Whistler's Justin Dorey wasn't able to hold a run together in the final and placed eighth. He took a couple of hard hits on the lip of the pipe and told Pique he felt fortunate to come away uninjured with the Olympics just days away.
"I'm a little frustrated but actually pretty stoked I didn't get hurt," he said. "I had three extremely hard crashes and although it sucked, to be honest, this year I was not expecting to do well at X just because it's not my jam. I've never podiumed there and I've been there eight times, so it is what it is."
Fellow local Simon d'Artois made his first X Games start, and although he was unable to get out of the qualifier, he told Pique he was pleased with the experience overall.
"The vibe at the X Games was crazy and it was a really good experience just being there and seeing the production they put on," said d'Artois, who's travelling to Europe with the Olympic team this week for its pre-Sochi camp. "It was a pretty good time."
TSUBOTA FRUSTRATED WITH FINISH
Whistler's Yuki Tsubota finished eighth in the women's slopestyle ski final held Sunday, Jan. 26, having difficulty putting all of the elements of her run together at once.
"It didn't really go the way I wanted it to," she said. "I was having a lot of trouble with my switch five on the first jump.
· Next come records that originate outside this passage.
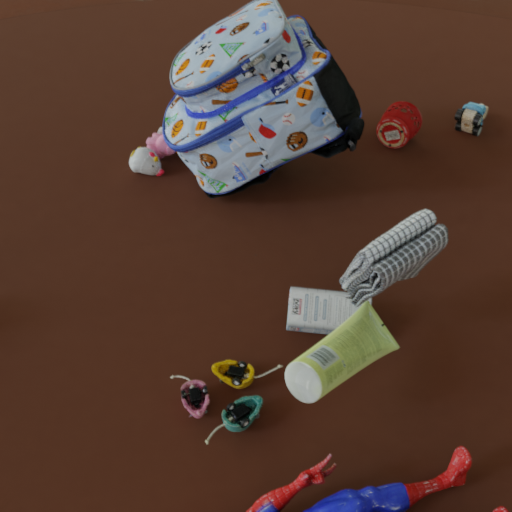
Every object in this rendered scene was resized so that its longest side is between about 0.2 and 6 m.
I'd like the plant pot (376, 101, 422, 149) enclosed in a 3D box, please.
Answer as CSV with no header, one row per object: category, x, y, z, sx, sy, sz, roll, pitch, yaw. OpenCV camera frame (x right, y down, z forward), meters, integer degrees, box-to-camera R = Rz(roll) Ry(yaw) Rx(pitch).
plant pot,2.968,-2.726,11.745,0.815,0.815,0.742,22,48,25

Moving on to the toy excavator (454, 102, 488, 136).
toy excavator,4.863,-3.130,12.371,0.530,1.031,1.060,26,74,28

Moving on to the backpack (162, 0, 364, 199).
backpack,-0.129,-2.707,9.910,3.232,2.614,3.393,-35,30,18

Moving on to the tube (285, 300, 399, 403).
tube,1.063,1.116,6.546,0.487,0.545,1.878,12,22,37

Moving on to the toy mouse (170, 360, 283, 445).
toy mouse,-0.432,1.794,6.733,1.380,0.267,1.226,5,40,6

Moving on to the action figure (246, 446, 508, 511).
action figure,0.644,2.665,5.321,3.408,0.881,1.115,-13,44,-11

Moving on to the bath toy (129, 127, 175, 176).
bath toy,-1.805,-2.243,11.280,0.692,0.814,1.872,31,50,2

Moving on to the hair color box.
hair color box,0.989,0.776,7.651,1.111,0.337,0.550,6,72,1

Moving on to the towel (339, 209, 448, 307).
towel,1.588,0.087,6.605,1.049,1.267,0.542,-33,76,-16
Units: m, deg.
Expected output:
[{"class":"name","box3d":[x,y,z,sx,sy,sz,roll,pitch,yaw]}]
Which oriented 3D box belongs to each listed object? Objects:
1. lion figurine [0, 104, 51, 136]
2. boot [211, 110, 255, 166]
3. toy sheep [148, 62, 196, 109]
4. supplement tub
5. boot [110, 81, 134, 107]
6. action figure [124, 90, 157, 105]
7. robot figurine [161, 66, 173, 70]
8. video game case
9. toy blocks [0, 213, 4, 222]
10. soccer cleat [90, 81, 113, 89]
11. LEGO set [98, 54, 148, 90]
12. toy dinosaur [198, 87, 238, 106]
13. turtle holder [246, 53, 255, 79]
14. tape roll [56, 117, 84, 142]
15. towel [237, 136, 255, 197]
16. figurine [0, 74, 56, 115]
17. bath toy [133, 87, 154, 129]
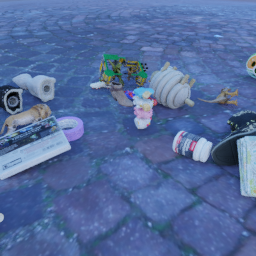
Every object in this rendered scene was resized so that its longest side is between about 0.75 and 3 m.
[{"class":"lion figurine","box3d":[-4.261,-0.343,11.463,2.337,0.847,1.431,-13,38,-22]},{"class":"boot","box3d":[4.136,0.280,10.420,2.881,1.040,2.176,-27,14,0]},{"class":"toy sheep","box3d":[2.044,-1.855,13.038,1.895,1.895,2.748,-20,46,-28]},{"class":"supplement tub","box3d":[2.266,0.649,9.909,1.182,0.829,0.829,22,38,31]},{"class":"boot","box3d":[-0.285,-1.417,11.551,1.175,0.859,0.413,23,47,29]},{"class":"action figure","box3d":[0.358,-1.590,13.737,2.572,0.665,0.841,26,36,32]},{"class":"robot figurine","box3d":[2.297,-3.275,16.414,0.836,0.557,0.986,-48,47,-7]},{"class":"video game case","box3d":[-3.502,0.597,10.056,2.439,0.285,2.217,-25,38,-15]},{"class":"toy blocks","box3d":[-4.252,2.356,6.744,1.405,1.669,1.560,-30,21,40]},{"class":"soccer cleat","box3d":[-1.401,-2.394,15.073,1.288,0.499,0.446,-1,32,-1]},{"class":"LEGO set","box3d":[-0.407,-2.746,15.114,2.801,1.623,2.154,-8,56,-25]},{"class":"toy dinosaur","box3d":[4.528,-1.395,13.478,1.349,0.767,2.541,1,18,38]},{"class":"turtle holder","box3d":[7.572,-3.270,15.846,1.447,1.904,1.352,-21,20,31]},{"class":"tape roll","box3d":[-2.445,0.029,11.288,1.286,0.422,1.286,0,33,0]},{"class":"towel","box3d":[4.494,1.203,8.517,2.186,0.526,1.871,3,71,5]},{"class":"figurine","box3d":[-5.457,-1.969,13.879,2.827,1.247,2.898,22,37,37]},{"class":"bath toy","box3d":[0.653,-0.705,10.963,0.709,1.917,0.834,-20,51,-15]}]
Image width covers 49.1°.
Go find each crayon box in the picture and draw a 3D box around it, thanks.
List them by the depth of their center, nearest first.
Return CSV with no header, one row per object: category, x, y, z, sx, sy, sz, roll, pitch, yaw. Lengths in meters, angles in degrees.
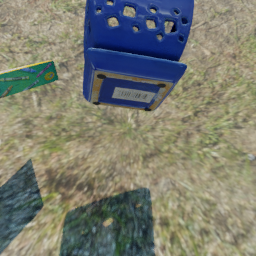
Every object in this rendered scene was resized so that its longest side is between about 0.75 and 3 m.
crayon box,-2.935,-1.224,7.223,1.917,0.559,1.139,-28,23,-38

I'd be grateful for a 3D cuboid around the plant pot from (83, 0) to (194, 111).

My first run I got the switch five really good but messed up on everything else, and then my last two runs I messed up on the switch five and got everything else. It was pretty frustrating."
Canada's Kaya Turski, just five months removed from ACL surgery, showed she's ready for Sochi by claiming another X Games gold Sunday. U.S. skier Maggie Voisin took silver and Canadian Kim Lamarre earned bronze, edging Ontario's Dara Howell.
In other highlights from the weekend in Aspen, Canadians Maxence Parrot and Mark McMorris finished one-two in the men's snowboard slopestyle final, B.C.'s Spencer O'Brien secured a bronze in the women's event, Nick Goepper won the men's slopestyle ski gold and fellow American Danny Davis rode to victory in the men's snowboard superpipe final.